Obama Administration Post-WikiLeaks Memo Raises Question Of 'Trustworthy' Users

Federal agencies that work with classified info given guidance on rooting out bad actors -- but profiling potential bad actors isn't so simple, experts say

An Office of Management and Budget (OMB) memo sent this week to federal agencies that handle classified information has stirred debate over the ability to root out potential insider threats before they leak or do other harm with or to sensitive data. The post-WikiLeaks incident memo from the Obama administration recommends, among other things, that these agencies monitor individual employees' behaviors -- and even their states of mind.

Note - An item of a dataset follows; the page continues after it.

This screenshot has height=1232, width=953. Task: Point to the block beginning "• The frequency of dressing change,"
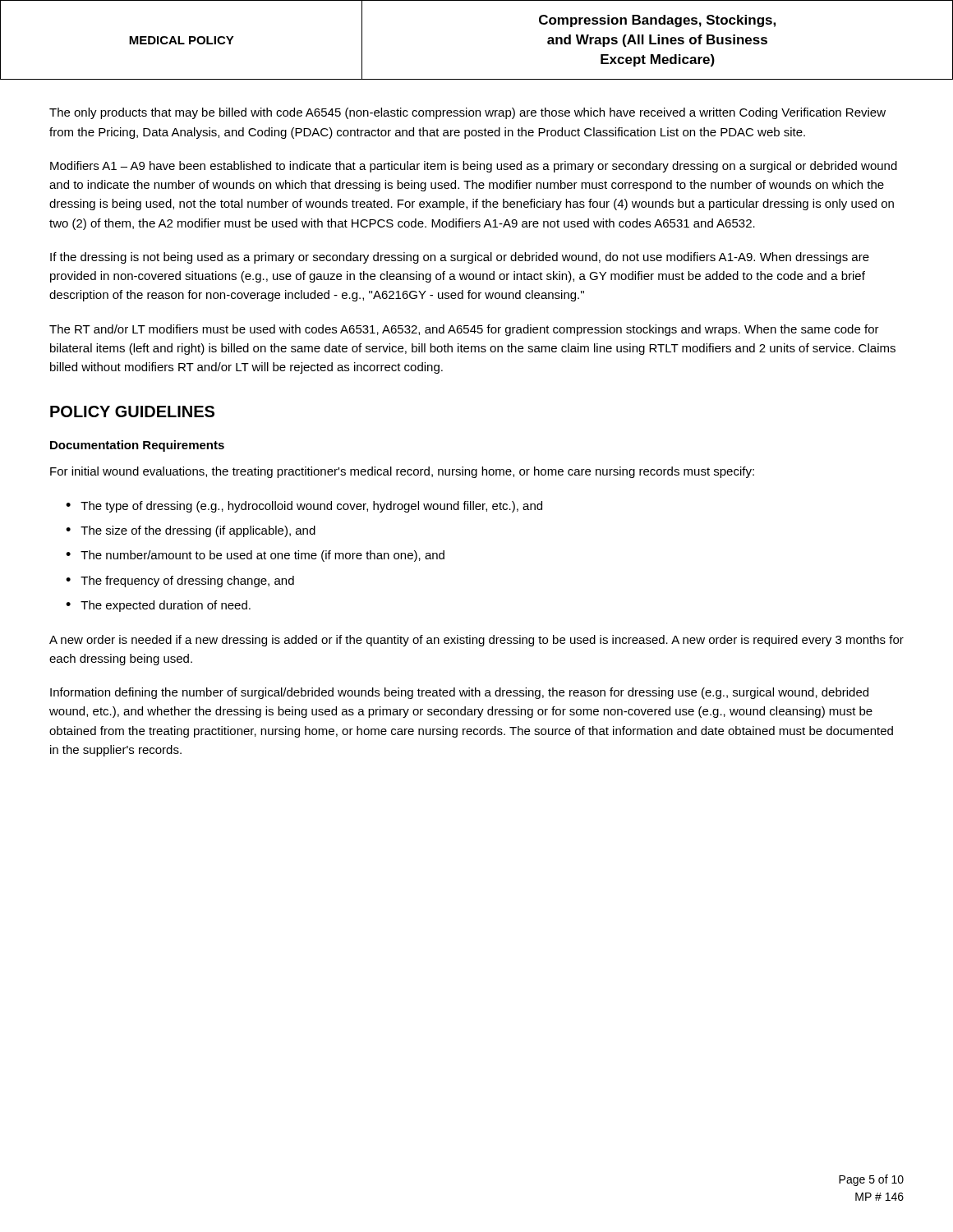click(x=180, y=580)

But security experts argue that spotting the next Bradley Manning or some malicious insider hell-bent on leaking or selling government secrets isn't so cut-and-dried. Not all rogue employees look or act the same, so some might slip through the cracks while innocent ones can be falsely identified as threats. Profiling users isn't something most enterprises can necessarily do, whereas it might be more accepted within a military or highly classified agency, experts say.

False-positives, unfortunately, do happen, says Eric Cole, security analyst with Secure Anchor Consulting and author of several books on insider threats. "What's dangerous here is when it's not 100 percent valid. Just because someone is behind on their alimony or child payments doesn't mean they are going to harm the country," he says. But financial problems is one of the red flags often used to ferret out potential insider threats, he says.

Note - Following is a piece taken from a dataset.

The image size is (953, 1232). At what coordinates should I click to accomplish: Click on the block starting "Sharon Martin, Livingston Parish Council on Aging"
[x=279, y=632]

The OMB memo, which was first reported by MSNBC, was a follow-on to a Nov. 28 directive by the OMB for agencies to review how they secure classified data. They must complete their assessments by Jan. 28, wrote Jacob Lew, director of the OMB, in the Jan. 3 memo to agencies.

The memo includes a very specific checklist for implementing policies for preventing the leak of classified information, including monitoring employee behavioral patterns and psyches. The so-called Initial Agency Self-Assessment Program for User Access to Classified Information in Automated Systems includes several items associated with profiling the demeanor of an employee in order to determine his or her "trustworthiness," including whether the agency uses a psychiatrist or sociologist "to measure relative happiness as a means to gauge trustworthiness" and to measure "despondence and grumpiness as a means to gauge waning trustworthiness."

User behavior was also cited in such questions as: "Have you conducted a trend analysis of indicators and activities of the employee population which may indicate risky habits or cultural and societal differences other than those expected for candidates (to include current employees) for security clearances?"

Security analysts say the emphasis should be on access control to the data, not on Bob's bad mood. John Kindervag, senior analyst with Forrester Research, says Manning himself didn't fit the bill as typical threat. "The chat logs from him show he wasn't malicious in the way we'd think. He did go outside policy, but he [appeared to be] guided by conscience, not by financial gain," Kindervag says. "So was he trustworthy or not? Not with data [as it turned out]."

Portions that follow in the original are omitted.